For any four distinct $t_1, t_2, t_3, t_4$ in $\mathbb{R}$, the volume of the tetrahedron $\mathscr{T}$ formed by $\vec{p}(t_i) \in \mathscr{C}$ is proportional to a Vandermonde determinant:

$$\begin{align} 6 \text{Volume}(\mathscr{T}) & = \Big| (\vec{p}(t_2)-\vec{p}(t_1)) \cdot \left[ (\vec{p}(t_3) - \vec{p}(t_1)) \times (\vec{p}(t_4) - \vec{p}(t_1)) \right] \Big|\\ & = \det \begin{bmatrix} 1 & t_1 & t_1^2 & t_1^3\\ 1 & t_2 & t_2^2 & t_2^3\\ 1 & t_3 & t_3^2 & t_3^3\\ 1 & t_4 & t_4^2 & t_4^3 \end{bmatrix} \ne 0 \end{align}$$ The implies any four distinct points on $\mathscr{C}$ are not coplanar. As a result, the edges of the tetrahedron $\mathscr{T}$ intersect at and only at the appropriate vertices.

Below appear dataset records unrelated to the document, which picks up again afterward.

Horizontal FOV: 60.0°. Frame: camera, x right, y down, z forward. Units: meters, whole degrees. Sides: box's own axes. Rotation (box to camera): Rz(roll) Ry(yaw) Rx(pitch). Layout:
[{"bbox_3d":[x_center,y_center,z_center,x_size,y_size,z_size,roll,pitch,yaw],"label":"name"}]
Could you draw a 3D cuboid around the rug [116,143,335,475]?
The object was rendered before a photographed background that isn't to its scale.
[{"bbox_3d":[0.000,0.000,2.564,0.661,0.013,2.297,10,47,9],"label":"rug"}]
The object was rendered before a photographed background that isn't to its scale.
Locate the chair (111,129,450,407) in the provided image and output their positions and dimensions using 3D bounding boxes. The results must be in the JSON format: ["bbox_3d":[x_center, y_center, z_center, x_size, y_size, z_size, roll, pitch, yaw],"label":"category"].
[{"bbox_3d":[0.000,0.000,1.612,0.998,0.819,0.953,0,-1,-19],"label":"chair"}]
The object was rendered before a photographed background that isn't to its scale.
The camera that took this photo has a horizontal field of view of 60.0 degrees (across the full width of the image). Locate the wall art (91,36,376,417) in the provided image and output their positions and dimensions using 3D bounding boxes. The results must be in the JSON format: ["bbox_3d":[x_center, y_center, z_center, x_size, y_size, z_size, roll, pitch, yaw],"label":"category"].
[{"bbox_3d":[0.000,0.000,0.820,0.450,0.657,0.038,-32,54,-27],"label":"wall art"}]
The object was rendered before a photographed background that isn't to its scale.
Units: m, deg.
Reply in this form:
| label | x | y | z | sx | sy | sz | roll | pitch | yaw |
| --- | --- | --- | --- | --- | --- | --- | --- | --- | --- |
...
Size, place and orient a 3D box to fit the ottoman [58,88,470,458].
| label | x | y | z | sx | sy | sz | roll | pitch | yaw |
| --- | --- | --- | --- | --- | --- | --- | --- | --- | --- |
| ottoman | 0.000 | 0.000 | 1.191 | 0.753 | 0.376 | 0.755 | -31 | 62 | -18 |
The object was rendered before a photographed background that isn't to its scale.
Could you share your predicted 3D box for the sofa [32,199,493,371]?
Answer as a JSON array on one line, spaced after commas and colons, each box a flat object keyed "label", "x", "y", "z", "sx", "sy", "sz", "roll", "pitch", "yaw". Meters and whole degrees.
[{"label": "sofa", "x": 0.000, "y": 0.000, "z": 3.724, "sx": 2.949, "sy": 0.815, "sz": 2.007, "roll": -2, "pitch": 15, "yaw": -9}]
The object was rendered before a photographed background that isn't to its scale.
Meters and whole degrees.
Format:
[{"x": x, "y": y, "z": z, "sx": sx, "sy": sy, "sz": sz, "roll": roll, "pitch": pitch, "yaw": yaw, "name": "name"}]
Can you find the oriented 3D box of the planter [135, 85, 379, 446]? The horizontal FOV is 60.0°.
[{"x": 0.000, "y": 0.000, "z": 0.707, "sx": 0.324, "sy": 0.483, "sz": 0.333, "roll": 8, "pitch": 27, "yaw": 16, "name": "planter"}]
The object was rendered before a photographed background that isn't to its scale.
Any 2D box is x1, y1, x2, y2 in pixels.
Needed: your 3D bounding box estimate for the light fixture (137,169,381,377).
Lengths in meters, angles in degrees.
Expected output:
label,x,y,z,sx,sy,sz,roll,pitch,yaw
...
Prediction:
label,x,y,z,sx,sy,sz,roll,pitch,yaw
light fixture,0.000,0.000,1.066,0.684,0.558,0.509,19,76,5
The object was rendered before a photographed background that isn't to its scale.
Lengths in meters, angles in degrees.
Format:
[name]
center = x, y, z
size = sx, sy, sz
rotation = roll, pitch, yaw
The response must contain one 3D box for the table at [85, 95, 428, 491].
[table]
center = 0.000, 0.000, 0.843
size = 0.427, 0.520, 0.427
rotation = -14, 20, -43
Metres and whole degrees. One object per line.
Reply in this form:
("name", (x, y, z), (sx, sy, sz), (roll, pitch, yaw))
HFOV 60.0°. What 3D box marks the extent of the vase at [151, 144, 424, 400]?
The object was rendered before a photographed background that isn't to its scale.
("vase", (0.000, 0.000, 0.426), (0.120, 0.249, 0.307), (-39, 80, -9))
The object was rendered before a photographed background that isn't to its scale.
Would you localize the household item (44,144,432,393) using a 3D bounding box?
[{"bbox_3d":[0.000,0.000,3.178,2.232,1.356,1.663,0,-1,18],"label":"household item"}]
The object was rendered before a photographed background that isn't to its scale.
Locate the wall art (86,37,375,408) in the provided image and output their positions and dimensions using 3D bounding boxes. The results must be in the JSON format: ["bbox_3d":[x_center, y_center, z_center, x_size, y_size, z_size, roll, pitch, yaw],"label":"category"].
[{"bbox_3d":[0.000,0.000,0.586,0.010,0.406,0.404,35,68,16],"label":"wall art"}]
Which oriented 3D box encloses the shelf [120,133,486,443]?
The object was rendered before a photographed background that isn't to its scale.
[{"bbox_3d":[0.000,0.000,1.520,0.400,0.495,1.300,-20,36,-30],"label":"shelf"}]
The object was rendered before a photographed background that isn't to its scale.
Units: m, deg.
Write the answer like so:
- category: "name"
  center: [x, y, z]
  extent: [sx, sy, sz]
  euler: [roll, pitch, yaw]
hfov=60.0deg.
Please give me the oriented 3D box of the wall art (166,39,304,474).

Now take arbitrary $n$ distinct points $\vec{p}_i$ from $\mathscr{C}$. Above argument shows that if we form a complete graph $K_n$ from them, the edges intersect at and only at appropriate vertices. This gives us an embedding of the complete graph $K_n$ into $\mathbb{R}^3$. Since every graph of $n$ vertices is a sub-graph of $K_n$, we are done.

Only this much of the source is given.